* **How to complete this task**:
An exact copy of every record is needed, with the pictures left out.

* **Dataset records**:

+++

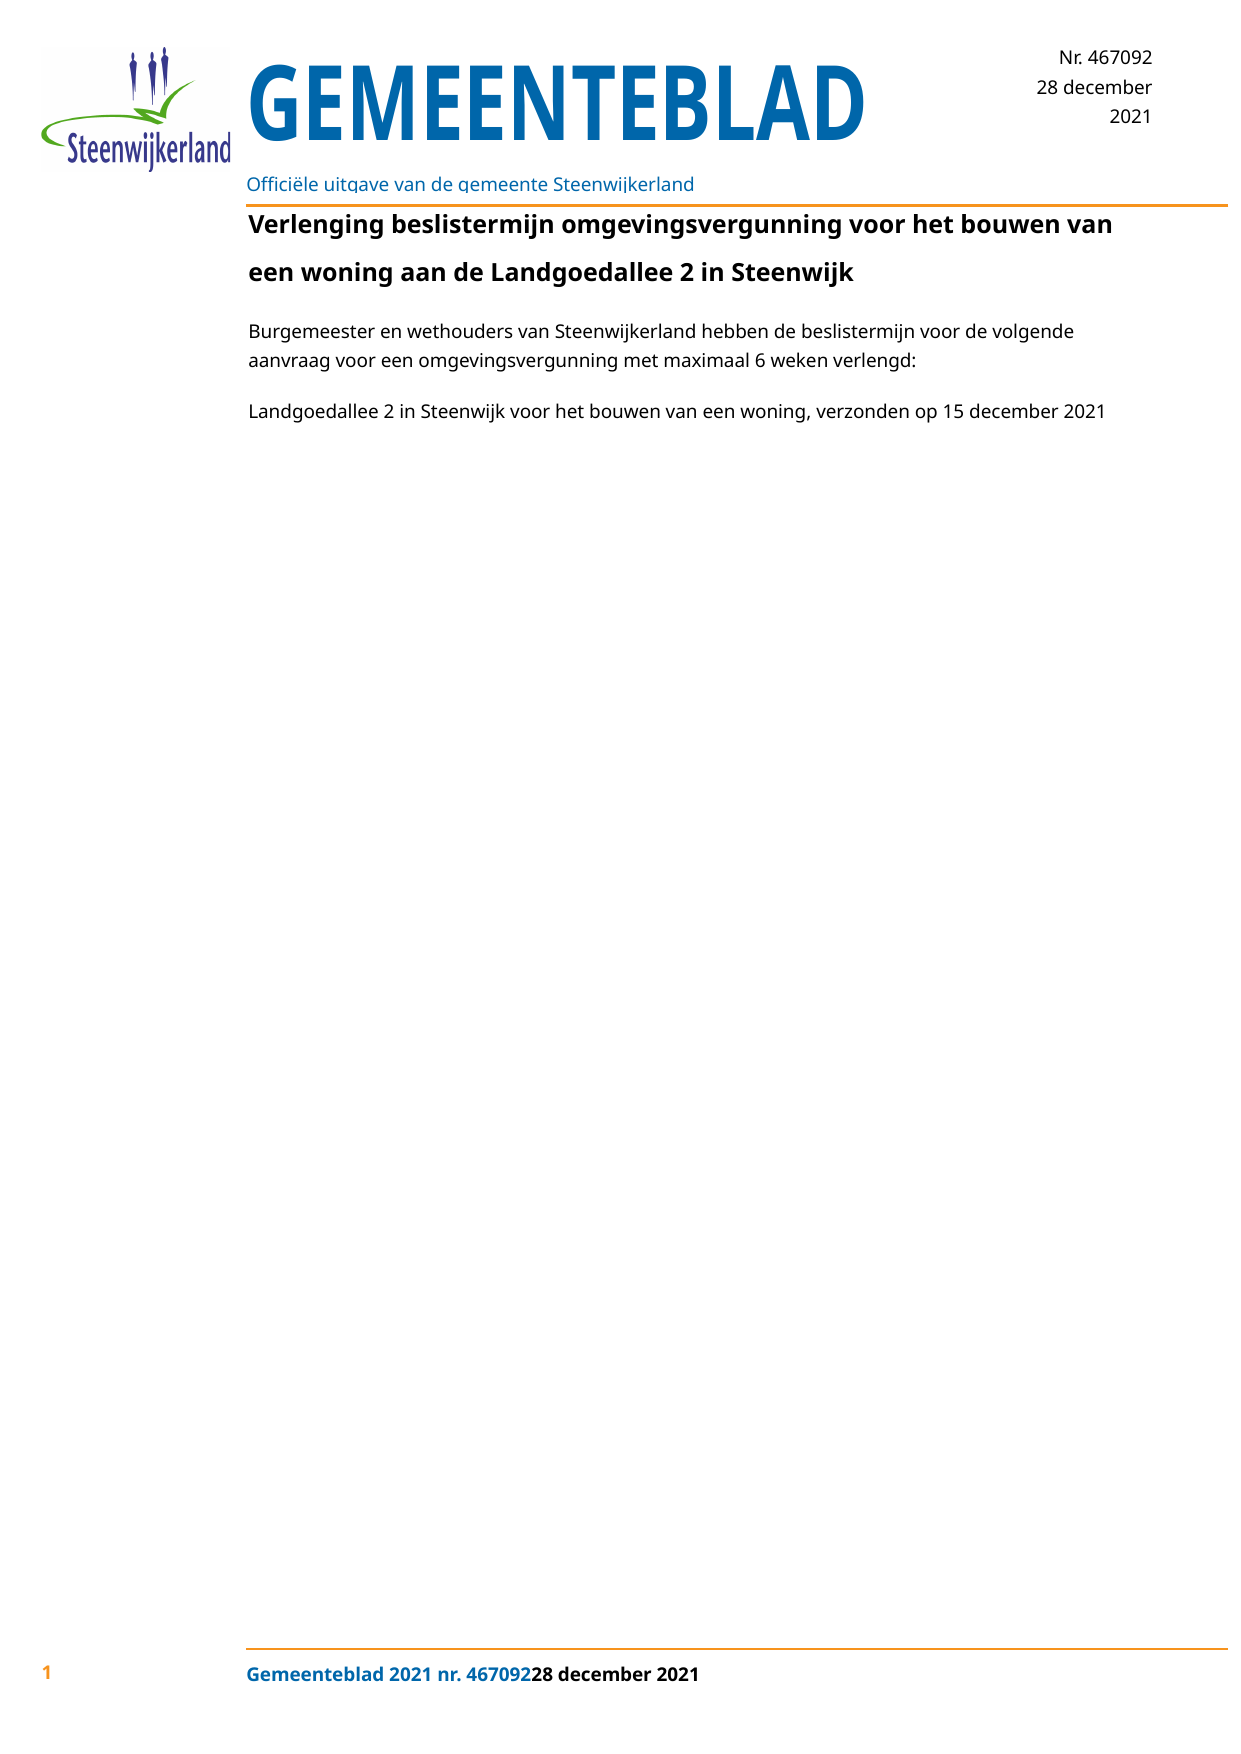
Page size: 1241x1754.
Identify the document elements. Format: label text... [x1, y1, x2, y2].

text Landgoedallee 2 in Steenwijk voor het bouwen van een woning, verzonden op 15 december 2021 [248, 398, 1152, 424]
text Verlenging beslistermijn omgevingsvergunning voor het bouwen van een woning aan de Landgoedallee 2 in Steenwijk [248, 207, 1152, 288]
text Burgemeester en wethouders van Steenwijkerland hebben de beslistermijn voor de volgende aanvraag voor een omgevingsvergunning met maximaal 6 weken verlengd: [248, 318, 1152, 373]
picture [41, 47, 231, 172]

+++

* **Your response**:
Page size: 1241x1754.
Identify the document elements. Format: label text... [x1, y1, x2, y2].

text Landgoedallee 2 in Steenwijk voor het bouwen van een woning, verzonden op 15 december 2021 [248, 398, 1152, 424]
text Verlenging beslistermijn omgevingsvergunning voor het bouwen van een woning aan de Landgoedallee 2 in Steenwijk [248, 207, 1152, 288]
text Burgemeester en wethouders van Steenwijkerland hebben de beslistermijn voor de volgende aanvraag voor een omgevingsvergunning met maximaal 6 weken verlengd: [248, 318, 1152, 373]
picture [41, 47, 231, 172]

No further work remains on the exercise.